Department of Biology, Penn State University, University Park, Pennsylvania 16802, USA.
Genome Res. 2011 Dec;21(12):2038-48. doi: 10.1101/gr.122937.111. Epub 2011 Oct 12.
Microsatellites--tandem repeats of short DNA motifs--are abundant in the human genome and have high mutation rates. While microsatellite instability is implicated in numerous genetic diseases, the molecular processes involved in their emergence and disappearance are still not well understood. Microsatellites are hypothesized to follow a life cycle, wherein they are born and expand into adulthood, until their degradation and death. Here we identified microsatellite births/deaths in human, chimpanzee, and orangutan genomes, using macaque and marmoset as outgroups. We inferred mutations causing births/deaths based on parsimony, and investigated local genomic environments affecting them. We also studied birth/death patterns within transposable elements (Alus and L1s), coding regions, and disease-associated loci. We observed that substitutions were the predominant cause for births of short microsatellites, while insertions and deletions were important for births of longer microsatellites. Substitutions were the cause for deaths of microsatellites of virtually all lengths. AT-rich L1 sequences exhibited elevated frequency of births/deaths over their entire length, while GC-rich Alus only in their 3' poly(A) tails and middle A-stretches, with differences depending on transposable element integration timing. Births/deaths were strongly selected against in coding regions. Births/deaths occurred in genomic regions with high substitution rates, protomicrosatellite content, and L1 density, but low GC content and Alu density. The majority of the 17 disease-associated microsatellites examined are evolutionarily ancient (were acquired by the common ancestor of simians). Our genome-wide investigation of microsatellite life cycle has fundamental applications for predicting the susceptibility of birth/death of microsatellites, including many disease-causing loci.

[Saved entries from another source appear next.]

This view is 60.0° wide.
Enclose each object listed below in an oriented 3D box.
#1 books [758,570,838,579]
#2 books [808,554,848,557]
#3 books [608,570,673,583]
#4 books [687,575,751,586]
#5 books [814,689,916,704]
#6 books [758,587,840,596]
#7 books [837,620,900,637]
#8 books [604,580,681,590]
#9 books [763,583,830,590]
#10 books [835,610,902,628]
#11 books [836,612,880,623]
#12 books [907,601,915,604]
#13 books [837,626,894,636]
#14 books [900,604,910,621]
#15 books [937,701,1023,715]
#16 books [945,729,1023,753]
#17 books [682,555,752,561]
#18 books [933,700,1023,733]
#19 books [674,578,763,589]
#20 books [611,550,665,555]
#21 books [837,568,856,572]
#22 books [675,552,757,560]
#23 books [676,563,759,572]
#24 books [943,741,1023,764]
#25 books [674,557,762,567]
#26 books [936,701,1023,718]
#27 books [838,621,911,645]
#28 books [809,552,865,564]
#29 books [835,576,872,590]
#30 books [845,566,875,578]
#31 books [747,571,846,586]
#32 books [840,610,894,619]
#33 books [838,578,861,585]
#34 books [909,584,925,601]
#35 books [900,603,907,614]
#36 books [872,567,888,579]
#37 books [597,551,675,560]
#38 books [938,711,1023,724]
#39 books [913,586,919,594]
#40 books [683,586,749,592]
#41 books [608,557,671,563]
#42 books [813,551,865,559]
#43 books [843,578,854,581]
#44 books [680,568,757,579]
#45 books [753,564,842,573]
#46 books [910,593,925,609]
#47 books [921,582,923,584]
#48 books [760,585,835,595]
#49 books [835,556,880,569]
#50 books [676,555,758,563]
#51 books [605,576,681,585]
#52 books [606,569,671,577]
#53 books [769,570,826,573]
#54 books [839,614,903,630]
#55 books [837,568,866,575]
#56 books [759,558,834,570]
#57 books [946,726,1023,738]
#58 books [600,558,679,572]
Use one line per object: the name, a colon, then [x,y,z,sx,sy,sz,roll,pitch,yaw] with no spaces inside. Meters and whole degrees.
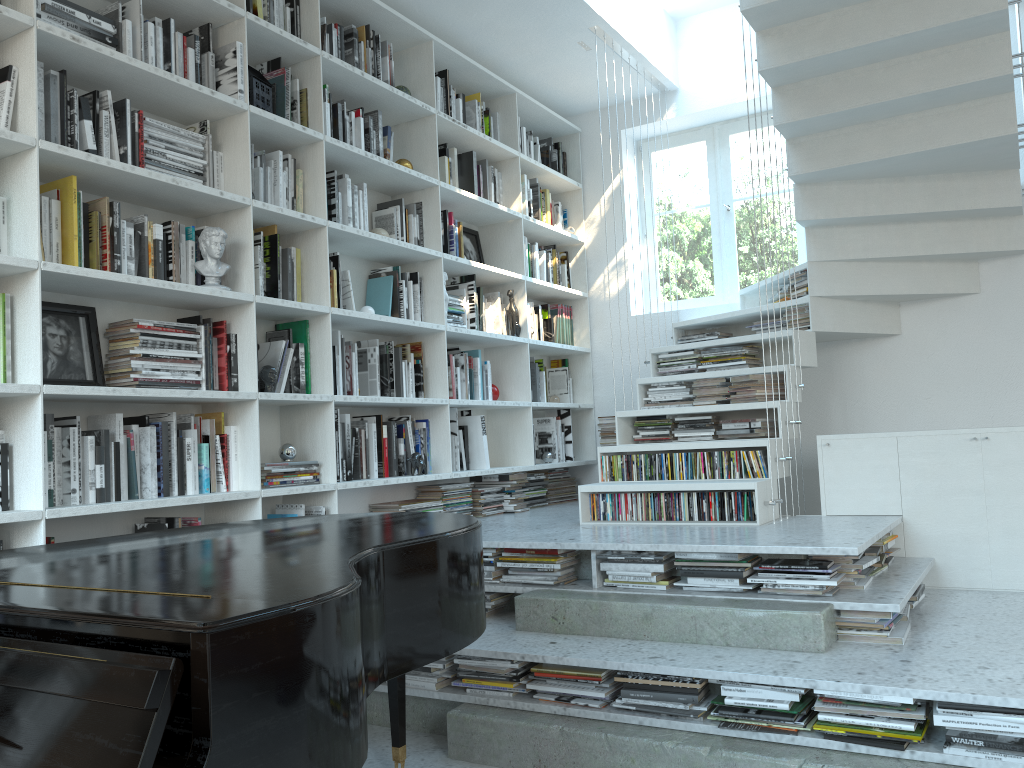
books: [0.999,0.660,3.096,0.242,0.012,0.137,-5,-5,31]
books: [1.172,0.605,3.237,0.129,0.016,0.261,-5,-4,29]
books: [0.490,0.727,3.374,0.192,0.024,0.167,-5,-5,31]
books: [0.756,0.704,3.225,0.189,0.028,0.155,-5,-5,31]
books: [0.999,0.847,2.479,0.257,0.016,0.182,-5,-5,33]
books: [1.001,0.718,3.092,0.250,0.009,0.144,-5,-5,30]
books: [1.197,0.814,2.979,0.164,0.006,0.264,-5,-5,31]
books: [0.496,0.760,3.379,0.262,0.016,0.132,-5,-5,35]
books: [0.995,0.692,3.085,0.208,0.015,0.152,-5,-4,27]
books: [1.197,0.780,2.980,0.159,0.012,0.292,-5,-5,33]
books: [1.186,0.770,2.987,0.132,0.010,0.257,-5,-5,34]
books: [1.490,0.831,3.466,0.161,0.005,0.254,-5,-4,26]
books: [1.196,0.807,2.980,0.159,0.008,0.285,-5,-4,28]
books: [1.350,0.826,3.218,0.169,0.019,0.232,-5,-4,25]
books: [1.257,0.827,2.319,0.256,0.014,0.192,-5,-4,26]
books: [1.262,0.913,2.316,0.205,0.017,0.187,-5,-5,35]
books: [0.746,0.625,3.219,0.208,0.008,0.170,-5,-5,33]
books: [1.266,0.873,2.329,0.287,0.027,0.156,-5,-4,25]
books: [0.754,0.721,3.219,0.292,0.007,0.154,-5,-5,33]
books: [0.491,0.634,3.389,0.181,0.014,0.134,-5,-5,35]
books: [1.189,0.658,3.226,0.153,0.009,0.260,-5,-5,33]
books: [0.739,0.610,3.208,0.238,0.022,0.189,-5,-5,35]
books: [0.746,0.659,3.215,0.250,0.009,0.187,-5,-5,30]
books: [1.267,0.945,2.320,0.230,0.017,0.184,-5,-5,32]
books: [0.747,0.642,3.218,0.281,0.013,0.168,-5,-4,27]
books: [1.261,0.839,2.325,0.266,0.010,0.176,-5,-4,26]
books: [1.214,0.827,2.968,0.200,0.023,0.262,-5,-4,28]
books: [1.184,0.630,3.230,0.154,0.018,0.221,-5,-5,31]
books: [1.200,0.718,3.218,0.177,0.015,0.216,-5,-4,28]
books: [1.201,0.680,3.218,0.189,0.013,0.215,-5,-4,29]
books: [0.987,0.672,3.074,0.297,0.014,0.185,-5,-4,29]
books: [1.197,0.751,2.981,0.157,0.025,0.234,-5,-4,25]
books: [1.187,0.705,3.226,0.148,0.013,0.227,-5,-4,28]
books: [1.496,0.810,3.463,0.190,0.018,0.287,-5,-4,29]
books: [1.340,0.811,3.225,0.158,0.012,0.272,-5,-4,28]
books: [1.344,0.731,3.457,0.174,0.007,0.291,-5,-5,33]
books: [0.476,0.647,3.362,0.256,0.014,0.192,-5,-4,26]
books: [1.265,0.852,2.330,0.243,0.015,0.165,-5,-5,34]
books: [1.484,0.797,3.462,0.176,0.009,0.275,-5,-5,30]
books: [0.756,0.735,3.222,0.231,0.020,0.142,-5,-5,35]
books: [0.489,0.663,3.381,0.208,0.017,0.145,-5,-4,25]
books: [1.190,0.616,3.226,0.159,0.009,0.228,-5,-4,26]
books: [1.181,0.694,3.229,0.131,0.012,0.207,-5,-4,26]
books: [0.750,0.676,3.218,0.230,0.026,0.177,-5,-5,30]
books: [0.995,0.639,3.093,0.269,0.009,0.132,-5,-5,34]
books: [1.495,0.842,3.463,0.177,0.018,0.250,-5,-5,33]
books: [1.615,0.846,3.701,0.151,0.017,0.234,-5,-5,31]
books: [0.992,0.706,3.079,0.212,0.014,0.161,-5,-5,34]
books: [1.207,0.644,3.216,0.190,0.015,0.230,-5,-5,35]
books: [0.747,0.633,3.219,0.260,0.007,0.171,-5,-4,28]
books: [0.500,0.746,3.388,0.258,0.013,0.136,-5,-5,30]
books: [0.483,0.707,3.365,0.187,0.015,0.178,-5,-5,35]
books: [1.009,0.650,3.116,0.190,0.011,0.091,-5,-4,28]
books: [1.201,0.792,2.977,0.168,0.012,0.210,-5,-5,34]
books: [1.192,0.668,3.224,0.168,0.012,0.210,-5,-5,31]
books: [0.993,0.627,3.091,0.228,0.014,0.149,-5,-4,28]
books: [1.277,0.896,2.345,0.224,0.019,0.137,-5,-5,31]
books: [0.485,0.685,3.371,0.250,0.029,0.174,-5,-4,28]

微卫星是短 DNA 基序的串联重复,在人类基因组中丰富存在,且具有高突变率。虽然微卫星不稳定性与许多遗传疾病有关,但它们的出现和消失所涉及的分子过程仍未得到很好的理解。微卫星被假设遵循生命周期,在这个周期中,它们诞生并成长为成年,直到它们降解和死亡。在这里,我们使用猕猴和狨猴作为外群,在人类、黑猩猩和猩猩基因组中鉴定了微卫星的出生/死亡。我们基于简约法推断了导致出生/死亡的突变,并研究了影响它们的局部基因组环境。我们还研究了转座元件(Alu 和 L1)、编码区和疾病相关基因座内的出生/死亡模式。我们观察到,取代是短微卫星出生的主要原因,而插入和缺失对于长微卫星的出生很重要。取代是微卫星几乎所有长度死亡的原因。富含 AT 的 L1 序列在整个长度上表现出更高的出生/死亡频率,而富含 GC 的 Alu 仅在其 3' 聚(A)尾和中间 A 延伸中表现出这种频率,这种差异取决于转座元件整合的时间。出生/死亡在编码区受到强烈的选择压力。出生/死亡发生在高取代率、蛋白质微卫星含量和 L1 密度的基因组区域,但 GC 含量和 Alu 密度较低。在所检查的 17 个与疾病相关的微卫星中,大多数是进化古老的(是在灵长类动物的共同祖先中获得的)。我们对微卫星生命周期的全基因组研究对预测微卫星出生/死亡的易感性具有重要应用,包括许多致病基因座。